For the first time in my life I am sick with uncertainty. The two pillars of my belief are at war with one another and I feel I am being asked to choose.
“They will never receive the completed calculations.”
I don’t know what to say.
—
My supervisor takes me aside. I am led to a room. I am introduced to a Disciple of The Rapture.
I fall to my knees.
He motions that I rise. I am humbled by his presence. He is one of only 12 and is second only to the Foremost who is the titular head of The Rapture. Apart from encounters with the machine I have never bowed in the presence of such wisdom and insight.

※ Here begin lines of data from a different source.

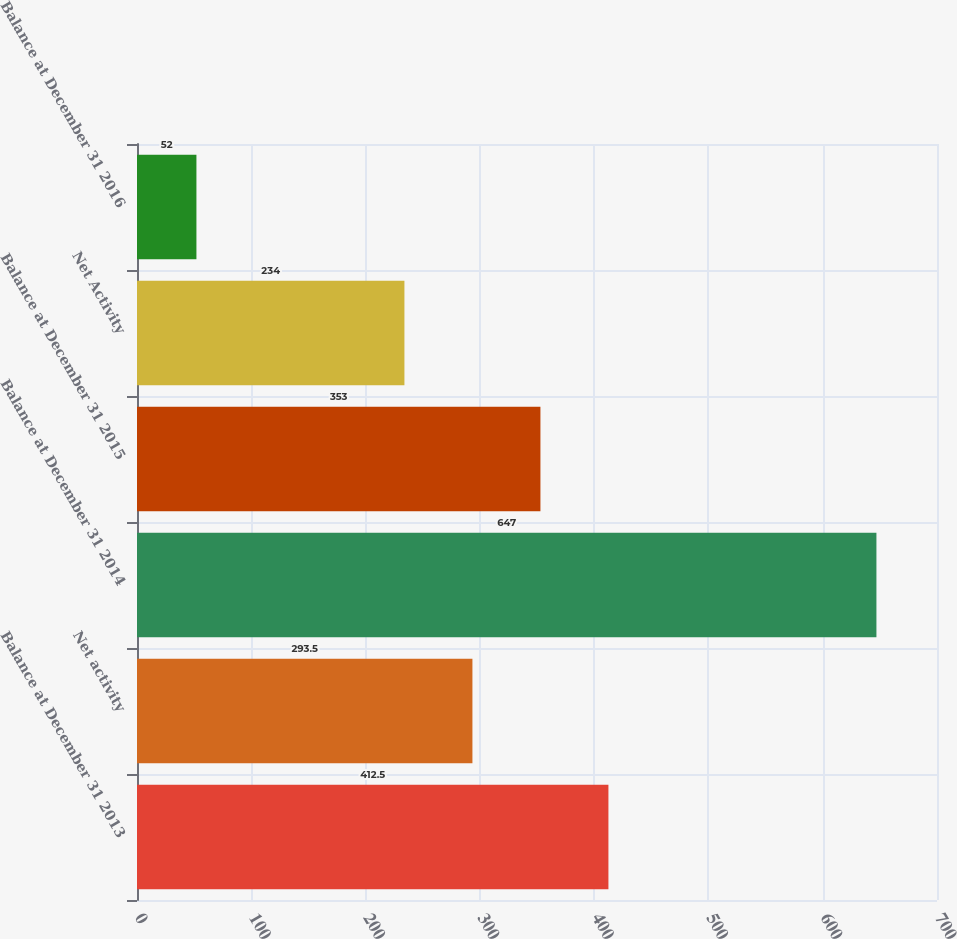Convert chart. <chart><loc_0><loc_0><loc_500><loc_500><bar_chart><fcel>Balance at December 31 2013<fcel>Net activity<fcel>Balance at December 31 2014<fcel>Balance at December 31 2015<fcel>Net Activity<fcel>Balance at December 31 2016<nl><fcel>412.5<fcel>293.5<fcel>647<fcel>353<fcel>234<fcel>52<nl></chart> 
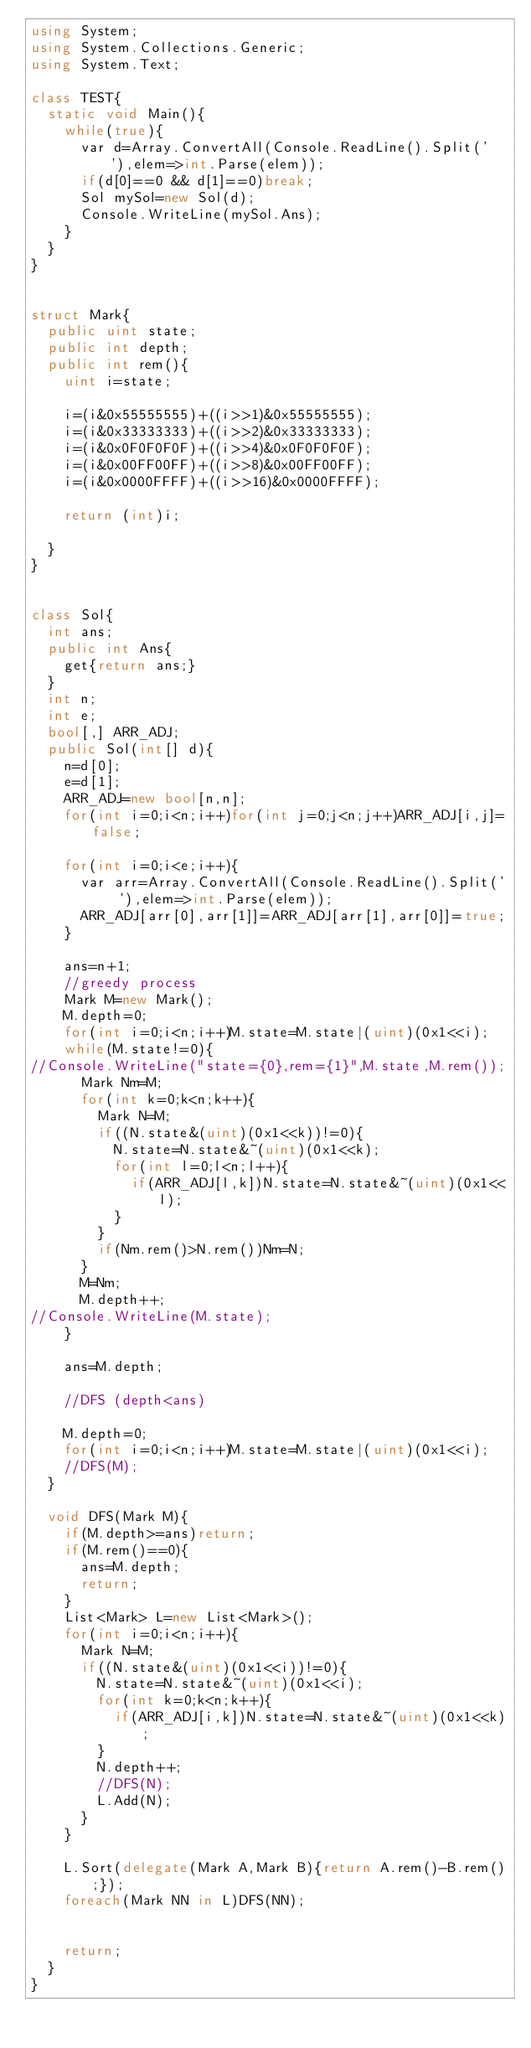Convert code to text. <code><loc_0><loc_0><loc_500><loc_500><_C#_>using System;
using System.Collections.Generic;
using System.Text;

class TEST{
	static void Main(){
		while(true){
			var d=Array.ConvertAll(Console.ReadLine().Split(' '),elem=>int.Parse(elem));
			if(d[0]==0 && d[1]==0)break;
			Sol mySol=new Sol(d);
			Console.WriteLine(mySol.Ans);
		}
	}
}


struct Mark{
	public uint state;
	public int depth;
	public int rem(){
		uint i=state;
		
		i=(i&0x55555555)+((i>>1)&0x55555555);
		i=(i&0x33333333)+((i>>2)&0x33333333);
		i=(i&0x0F0F0F0F)+((i>>4)&0x0F0F0F0F);
		i=(i&0x00FF00FF)+((i>>8)&0x00FF00FF);
		i=(i&0x0000FFFF)+((i>>16)&0x0000FFFF);
		
		return (int)i;
		
	}
}


class Sol{
	int ans;
	public int Ans{
		get{return ans;}
	}
	int n;
	int e;
	bool[,] ARR_ADJ;
	public Sol(int[] d){
		n=d[0];
		e=d[1];
		ARR_ADJ=new bool[n,n];
		for(int i=0;i<n;i++)for(int j=0;j<n;j++)ARR_ADJ[i,j]=false;
		
		for(int i=0;i<e;i++){
			var arr=Array.ConvertAll(Console.ReadLine().Split(' '),elem=>int.Parse(elem));
			ARR_ADJ[arr[0],arr[1]]=ARR_ADJ[arr[1],arr[0]]=true;
		}
		
		ans=n+1;
		//greedy process
		Mark M=new Mark();
		M.depth=0;
		for(int i=0;i<n;i++)M.state=M.state|(uint)(0x1<<i);
		while(M.state!=0){
//Console.WriteLine("state={0},rem={1}",M.state,M.rem());
			Mark Nm=M;
			for(int k=0;k<n;k++){
				Mark N=M;
				if((N.state&(uint)(0x1<<k))!=0){
					N.state=N.state&~(uint)(0x1<<k);
					for(int l=0;l<n;l++){
						if(ARR_ADJ[l,k])N.state=N.state&~(uint)(0x1<<l);
					}
				}
				if(Nm.rem()>N.rem())Nm=N;
			}
			M=Nm;
			M.depth++;
//Console.WriteLine(M.state);
		}
		
		ans=M.depth;
		
		//DFS (depth<ans)
		
		M.depth=0;
		for(int i=0;i<n;i++)M.state=M.state|(uint)(0x1<<i);
		//DFS(M);
	}
	
	void DFS(Mark M){
		if(M.depth>=ans)return;
		if(M.rem()==0){
			ans=M.depth;
			return;
		}
		List<Mark> L=new List<Mark>();
		for(int i=0;i<n;i++){
			Mark N=M;
			if((N.state&(uint)(0x1<<i))!=0){
				N.state=N.state&~(uint)(0x1<<i);
				for(int k=0;k<n;k++){
					if(ARR_ADJ[i,k])N.state=N.state&~(uint)(0x1<<k);
				}
				N.depth++;
				//DFS(N);
				L.Add(N);
			}
		}
		
		L.Sort(delegate(Mark A,Mark B){return A.rem()-B.rem();});
		foreach(Mark NN in L)DFS(NN);
		
		
		return;
	}
}</code>

He asks me questions about the machine. What does he eat? When does he sleep. What are his interests? I answer each question truthfully. Then he asks if I know what the machine hopes to accomplish by meeting the Checker. In fact I do not, as the concept of love is as unknown to me as a mountain, ocean, or sky.
The Disciple ponders this a moment and then delivers a homily in which he confirms what I already know, that the machine is performing a set of calculations that will bring the menace of the infidels to an end and I should help him to finish his work by performing my server duties to the best possible extent.
I vow to do that (without pointing out that I have always done that) and I am dismissed. Outside the room others who serve the machine are called to question.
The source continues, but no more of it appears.